Un altro elemento di non affinità tra il pensiero di Benjamin e quello dei teorici di Francoforte consiste nella prospettiva di liberazione realizzabile attraverso i mass media teorizzata dal primo, e, completamente avversa, invece, ai toni negativi utilizzati dalla Scuola per riferirsi all’arte per le masse o all’industria culturale. (Brantlinger 1983) La ricerca di Benjamin porta alla luce un indubbio grande cambiamento della società, dei mezzi di comunicazione di massa e di diffusione dell’arte, ma tra le sue pagine non vi è una diretta condanna alla Modernità. L’epoca della riproducibilità del prodotto culturale finalizza la gestazione dei processi meccanici e li riconosce come grandi conquiste rivoluzionarie per l’umanità. Conquiste che generano innovazione, innovazione che promuove emancipazione.

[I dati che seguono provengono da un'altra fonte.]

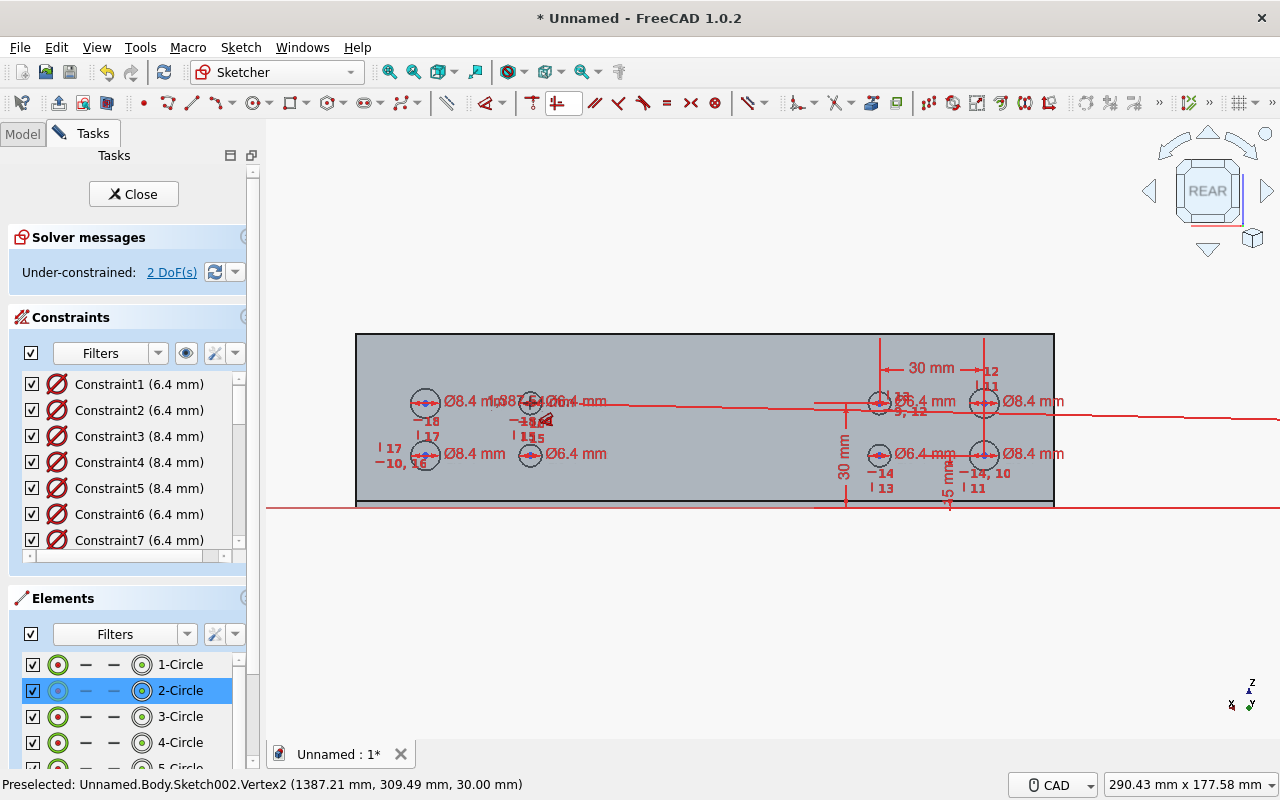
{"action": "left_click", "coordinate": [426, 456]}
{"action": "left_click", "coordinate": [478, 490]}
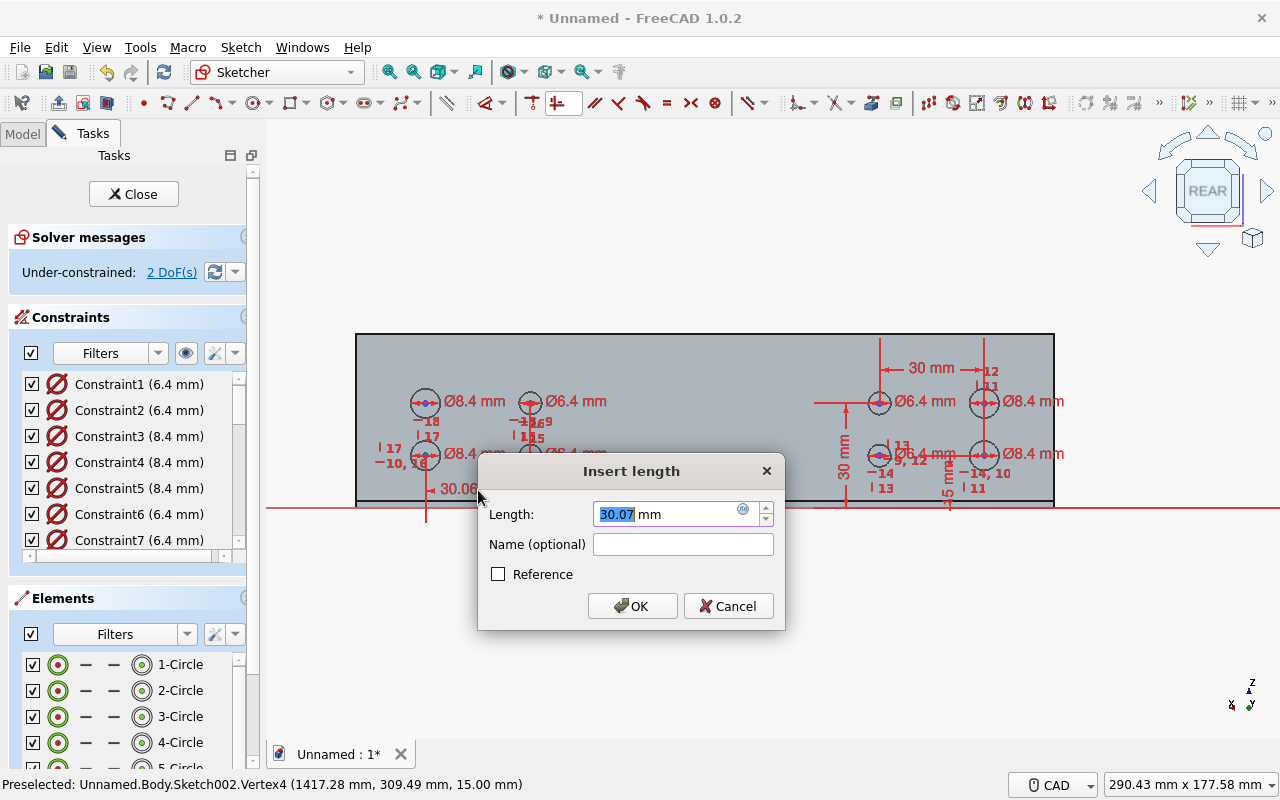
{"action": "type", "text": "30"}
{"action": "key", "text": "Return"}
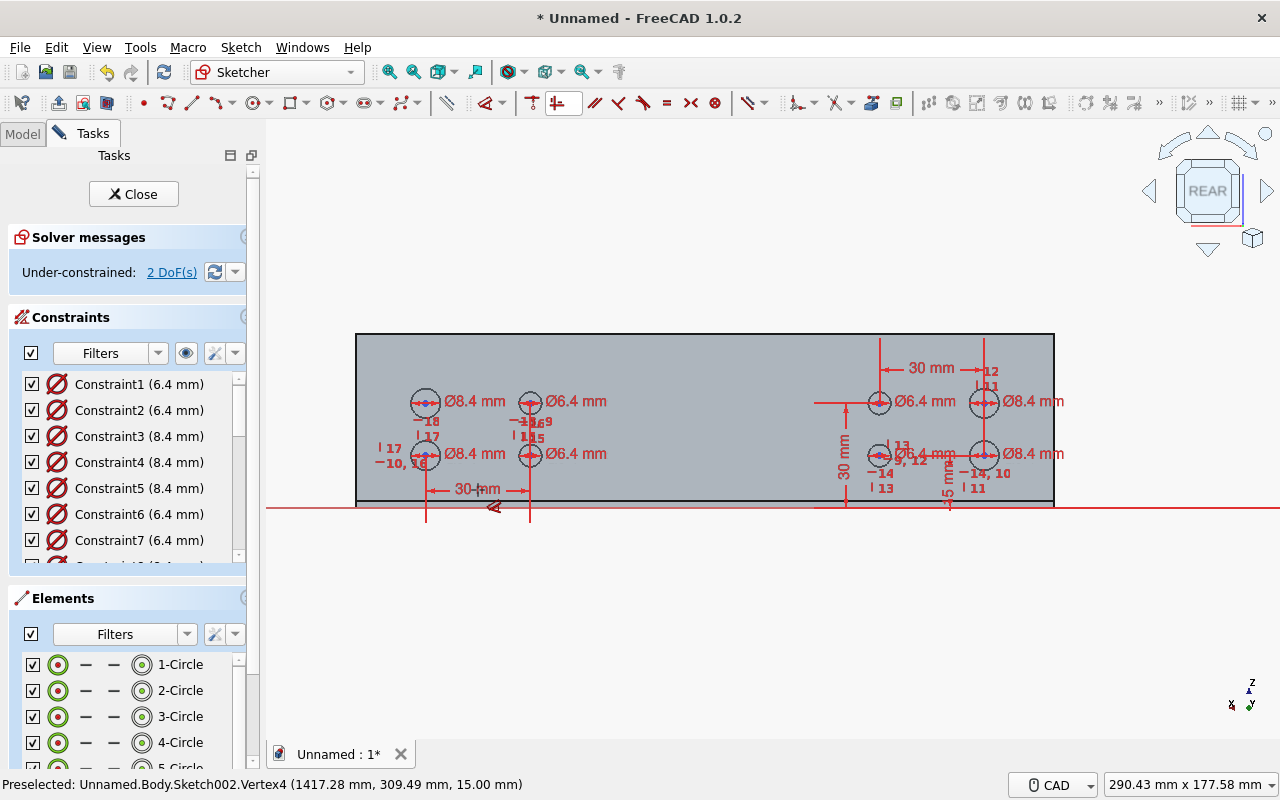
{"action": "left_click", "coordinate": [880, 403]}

For the first time in world history, mechanical reproduction emancipates the work of art from its parasitical dependence on ritual. To an ever greater degree the work of art reproduced becomes the work of art designed for reproducibility. From a photographic negative, for example, one can make any number of prints; to ask for the "authentic" print makes no sense. But the instant the criterion of authenticity ceases to be applicable to artistic production, the total function of art is reversed. Instead of being based on ritual, it begins to be based on another practice-politics. (Benjamin 1969 cit. in Brantlinger 1983, 239)
L’arte, nonostante tutti i media di cui si serve, nonostante tutte le tecniche riproduttive figlie dell’innovazione del ‘900, (ad esempio la litografia prima fra tutte e particolarmente densa di significato in questo contesto) vive per Benjamin una fase di emancipazione dal rituale ed anche dal monopolio aristocratico ottocentesco.